22% Drop In Numbers in 5 Years for Croatian Cinemas

Lauren Simmonds

croatian cinemas

June the 6th, 2024 – Croatian cinemas have experienced a 22% decrease in visitors in just 5 years. That is equal to a drop of over one million.

As Poslovni Dnevnik/Josipa Ban writes, it’s very difficult to find people in Croatia who make a living from film, Vinko Brešan, one of the most productive and successful domestic directors, said recently in HRT’s show Razgovori s razlogom/Conversations with a Reason. There are several reasons why this is so. In addition to financing problems, Croatia doesn’t actually have a film studio, and Croatian filmmakers are also significantly hindered by the issue of cinema distribution.

“The cinema doesn’t work for us, so we’re reduced to multiplexes. There are no small Croatian cinemas anymore where Croatian films are screen,” Brešan stated when explaining the situation.

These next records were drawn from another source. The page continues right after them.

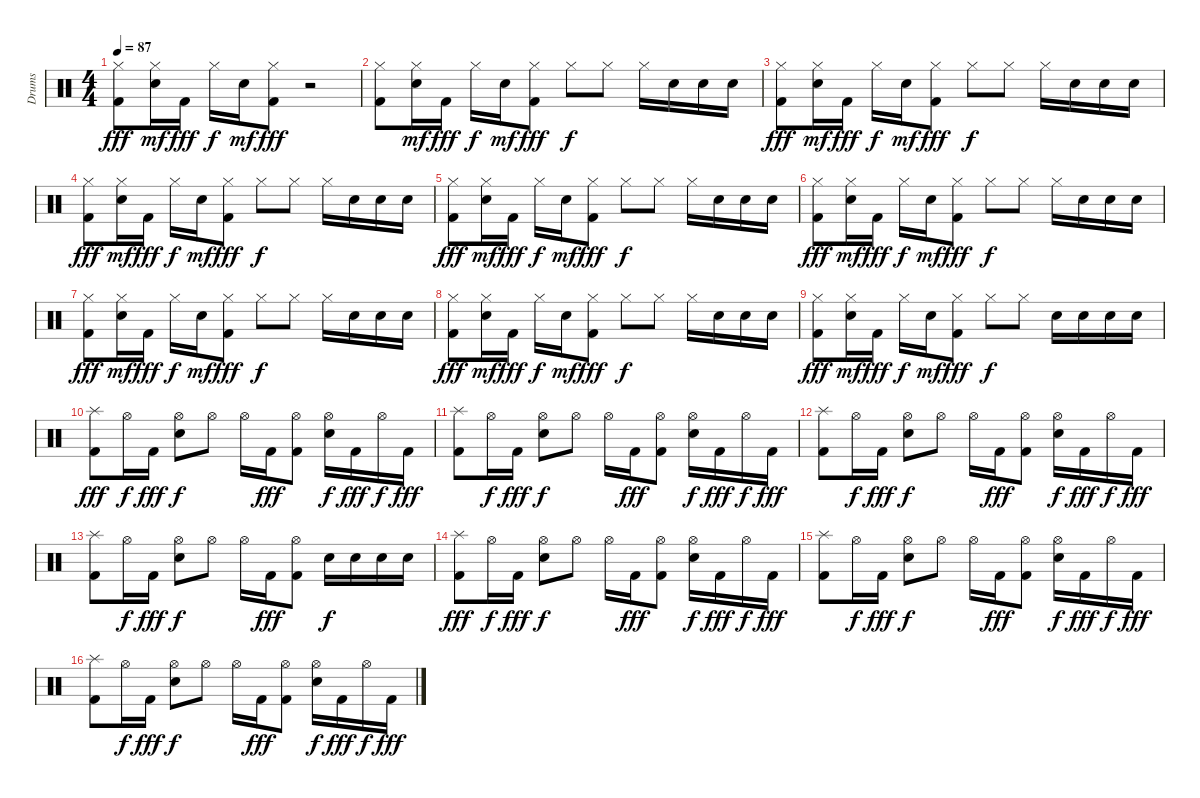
\track ("Drums" "Drums") {instrument percussion}
\staff {score}
\articulation defaults
\ts (4 4)
\tempo 87
\clef neutral
\ks c
("Hi-Hat (closed)" "Kick (hit) 2").8{dy fff} ("Hi-Hat (closed)" "Snare (hit) 2").16{dy mf} "Kick (hit) 2".16{dy fff} "Hi-Hat (closed)".16{dy f} "Snare (hit) 2".16{dy mf} ("Hi-Hat (closed)" "Kick (hit) 2").8{dy fff} r.2 |
("Hi-Hat (closed)" "Kick (hit) 2").8 ("Hi-Hat (closed)" "Snare (hit) 2").16{dy mf} "Kick (hit) 2".16{dy fff} "Hi-Hat (closed)".16{dy f} "Snare (hit) 2".16{dy mf} ("Hi-Hat (closed)" "Kick (hit) 2").8{dy fff} "Hi-Hat (closed)".8{dy f} "Hi-Hat (closed)".8 "Hi-Hat (closed)".16 "Snare (hit) 2".16 "Snare (hit) 2".16 "Snare (hit) 2".16 |
("Hi-Hat (closed)" "Kick (hit) 2").8{dy fff} ("Hi-Hat (closed)" "Snare (hit) 2").16{dy mf} "Kick (hit) 2".16{dy fff} "Hi-Hat (closed)".16{dy f} "Snare (hit) 2".16{dy mf} ("Hi-Hat (closed)" "Kick (hit) 2").8{dy fff} "Hi-Hat (closed)".8{dy f} "Hi-Hat (closed)".8 "Hi-Hat (closed)".16 "Snare (hit) 2".16 "Snare (hit) 2".16 "Snare (hit) 2".16 |
("Hi-Hat (closed)" "Kick (hit) 2").8{dy fff} ("Hi-Hat (closed)" "Snare (hit) 2").16{dy mf} "Kick (hit) 2".16{dy fff} "Hi-Hat (closed)".16{dy f} "Snare (hit) 2".16{dy mf} ("Hi-Hat (closed)" "Kick (hit) 2").8{dy fff} "Hi-Hat (closed)".8{dy f} "Hi-Hat (closed)".8 "Hi-Hat (closed)".16 "Snare (hit) 2".16 "Snare (hit) 2".16 "Snare (hit) 2".16 |
("Hi-Hat (closed)" "Kick (hit) 2").8{dy fff} ("Hi-Hat (closed)" "Snare (hit) 2").16{dy mf} "Kick (hit) 2".16{dy fff} "Hi-Hat (closed)".16{dy f} "Snare (hit) 2".16{dy mf} ("Hi-Hat (closed)" "Kick (hit) 2").8{dy fff} "Hi-Hat (closed)".8{dy f} "Hi-Hat (closed)".8 "Hi-Hat (closed)".16 "Snare (hit) 2".16 "Snare (hit) 2".16 "Snare (hit) 2".16 |
("Hi-Hat (closed)" "Kick (hit) 2").8{dy fff} ("Hi-Hat (closed)" "Snare (hit) 2").16{dy mf} "Kick (hit) 2".16{dy fff} "Hi-Hat (closed)".16{dy f} "Snare (hit) 2".16{dy mf} ("Hi-Hat (closed)" "Kick (hit) 2").8{dy fff} "Hi-Hat (closed)".8{dy f} "Hi-Hat (closed)".8 "Hi-Hat (closed)".16 "Snare (hit) 2".16 "Snare (hit) 2".16 "Snare (hit) 2".16 |
("Hi-Hat (closed)" "Kick (hit) 2").8{dy fff} ("Hi-Hat (closed)" "Snare (hit) 2").16{dy mf} "Kick (hit) 2".16{dy fff} "Hi-Hat (closed)".16{dy f} "Snare (hit) 2".16{dy mf} ("Hi-Hat (closed)" "Kick (hit) 2").8{dy fff} "Hi-Hat (closed)".8{dy f} "Hi-Hat (closed)".8 "Hi-Hat (closed)".16 "Snare (hit) 2".16 "Snare (hit) 2".16 "Snare (hit) 2".16 |
("Hi-Hat (closed)" "Kick (hit) 2").8{dy fff} ("Hi-Hat (closed)" "Snare (hit) 2").16{dy mf} "Kick (hit) 2".16{dy fff} "Hi-Hat (closed)".16{dy f} "Snare (hit) 2".16{dy mf} ("Hi-Hat (closed)" "Kick (hit) 2").8{dy fff} "Hi-Hat (closed)".8{dy f} "Hi-Hat (closed)".8 "Hi-Hat (closed)".16 "Snare (hit) 2".16 "Snare (hit) 2".16 "Snare (hit) 2".16 |
("Hi-Hat (closed)" "Kick (hit) 2").8{dy fff} ("Hi-Hat (closed)" "Snare (hit) 2").16{dy mf} "Kick (hit) 2".16{dy fff} "Hi-Hat (closed)".16{dy f} "Snare (hit) 2".16{dy mf} ("Hi-Hat (closed)" "Kick (hit) 2").8{dy fff} "Hi-Hat (closed)".8{dy f} "Hi-Hat (closed)".8 "Snare (hit) 2".16{volume 13} "Snare (hit) 2".16 "Snare (hit) 2".16 "Snare (hit) 2".16 |
("Splash (hit)" "Kick (hit) 2").8{dy fff} "Hi-Hat (open)".16{dy f} "Kick (hit) 2".16{dy fff} ("Hi-Hat (open)" "Snare (hit) 2").8{dy f} "Hi-Hat (open)".8 "Hi-Hat (open)".16 "Kick (hit) 2".16{dy fff} ("Hi-Hat (open)" "Kick (hit) 2").8 ("Hi-Hat (open)" "Snare (hit) 2").16{dy f} "Kick (hit) 2".16{dy fff} "Hi-Hat (open)".16{dy f} "Kick (hit) 2".16{dy fff} |
("Splash (hit)" "Kick (hit) 2").8 "Hi-Hat (open)".16{dy f} "Kick (hit) 2".16{dy fff} ("Hi-Hat (open)" "Snare (hit) 2").8{dy f} "Hi-Hat (open)".8 "Hi-Hat (open)".16 "Kick (hit) 2".16{dy fff} ("Hi-Hat (open)" "Kick (hit) 2").8 ("Hi-Hat (open)" "Snare (hit) 2").16{dy f} "Kick (hit) 2".16{dy fff} "Hi-Hat (open)".16{dy f} "Kick (hit) 2".16{dy fff} |
("Splash (hit)" "Kick (hit) 2").8 "Hi-Hat (open)".16{dy f} "Kick (hit) 2".16{dy fff} ("Hi-Hat (open)" "Snare (hit) 2").8{dy f} "Hi-Hat (open)".8 "Hi-Hat (open)".16 "Kick (hit) 2".16{dy fff} ("Hi-Hat (open)" "Kick (hit) 2").8 ("Hi-Hat (open)" "Snare (hit) 2").16{dy f} "Kick (hit) 2".16{dy fff} "Hi-Hat (open)".16{dy f} "Kick (hit) 2".16{dy fff} |
("Splash (hit)" "Kick (hit) 2").8 "Hi-Hat (open)".16{dy f} "Kick (hit) 2".16{dy fff} ("Hi-Hat (open)" "Snare (hit) 2").8{dy f} "Hi-Hat (open)".8 "Hi-Hat (open)".16 "Kick (hit) 2".16{dy fff} ("Hi-Hat (open)" "Kick (hit) 2").8 "Snare (hit) 2".16{dy f} "Snare (hit) 2".16 "Snare (hit) 2".16 "Snare (hit) 2".16 |
("Splash (hit)" "Kick (hit) 2").8{dy fff} "Hi-Hat (open)".16{dy f} "Kick (hit) 2".16{dy fff} ("Hi-Hat (open)" "Snare (hit) 2").8{dy f} "Hi-Hat (open)".8 "Hi-Hat (open)".16 "Kick (hit) 2".16{dy fff} ("Hi-Hat (open)" "Kick (hit) 2").8 ("Hi-Hat (open)" "Snare (hit) 2").16{dy f} "Kick (hit) 2".16{dy fff} "Hi-Hat (open)".16{dy f} "Kick (hit) 2".16{dy fff} |
("Splash (hit)" "Kick (hit) 2").8 "Hi-Hat (open)".16{dy f} "Kick (hit) 2".16{dy fff} ("Hi-Hat (open)" "Snare (hit) 2").8{dy f} "Hi-Hat (open)".8 "Hi-Hat (open)".16 "Kick (hit) 2".16{dy fff} ("Hi-Hat (open)" "Kick (hit) 2").8 ("Hi-Hat (open)" "Snare (hit) 2").16{dy f} "Kick (hit) 2".16{dy fff} "Hi-Hat (open)".16{dy f} "Kick (hit) 2".16{dy fff} |
("Splash (hit)" "Kick (hit) 2").8 "Hi-Hat (open)".16{dy f} "Kick (hit) 2".16{dy fff} ("Hi-Hat (open)" "Snare (hit) 2").8{dy f} "Hi-Hat (open)".8 "Hi-Hat (open)".16 "Kick (hit) 2".16{dy fff} ("Hi-Hat (open)" "Kick (hit) 2").8 ("Hi-Hat (open)" "Snare (hit) 2").16{dy f} "Kick (hit) 2".16{dy fff} "Hi-Hat (open)".16{dy f} "Kick (hit) 2".16{dy fff}

The situation is probably further complicated by the Internet and pirating, where, relatively soon after distribution through cinemas, it’s possible to watch a brand new film online. And for free.

Croatian cinemas have lost more than 1.1 million visitors, or 22 percent of visits, in a mere five years. This is shown by the recently published data of the State Bureau of Statistics (CBS) on the state of cinematography in 2023.

Last year, according to statistics, 3.8 million viewers visited Croatian cinemas. Before the coronavirus crisis, in 2019, there were slightly more than five million viewers.

The data on the circulation of film and video films by country of origin also shows that there is little filming in Croatia taking place. Last year, there were 455 films in circulation, of which only 12 were Croatian, according to CBS statistics. Most of the films, 217 or almost half of them, came from across the pond in the USA.

Data from the Croatian Audiovisual Centre (HAVC) show that in the whole of 2023, 39 Croatian films were shown in Croatian cinemas.

Domestic films were watched by seven percent of the total number of moviegoers, i.e. slightly more than 266 thousand viewers. However, the figures from 2012 and for the most successful Croatian films in 2013, when more than 400 thousand people watched them, still remain unattainable.

At the same time, HAVC awarded a total of 10 million euros in support for the development and production of feature-length, documentary, animated, short- and experimental films in 2023. Cinema production was encouraged, with 193 thousand euros.

Data from the CBS show that last year cinemas generated 18.5 million euros in net income from the sale of tickets, the average price of which was 4 euros. Although these revenues are far better than those realized in 2022, namely 32 percent, cinematographers are not yet at the level of earnings they achieved in the pre-pandemic year 2019, when they earned 20.2 million euros from ticket sales.

Official statistics also show a significant increase in the number of cinemas (halls or open spaces where films are shown) in 2023. There were as many as 113, i.e. 50 percent more than in 2019.

This increase is largely attributable to a change in reporting methodology. The DZS explains that, in cooperation with the HAVC, trades and independent associations were included last year, which, according to the HAVC’s records, perform the activity of showing films.

Interestingly, the largest number of cinemas is in Split-Dalmatia County (17), followed by Primorje-Gorski Kotar and Zagreb, which have 13 cinemas. The Vukovar-Srijem County is the only one in Croatia that has only one cinema.

Only 23 independent
Most cinemas in Croatia, except in the largest domestic cities, operate as part of other business entities, most often cultural and educational institutions, such as cultural centers and public and open universities. There are only 23 independent cinemas in Croatia.

In order for the domestic film to get more space in these same cinemas, it will be necessary to solve numerous problems. In addition to financing and encouraging the private sector to enter this sector (such as in Serbia, where telecoms largely finance production, from series to films), to the construction of a film studio, which is the promise of Christopher Peter Marcich, director of HAVC, from the first mandate, i.e. 2020, which has not yet been implemented.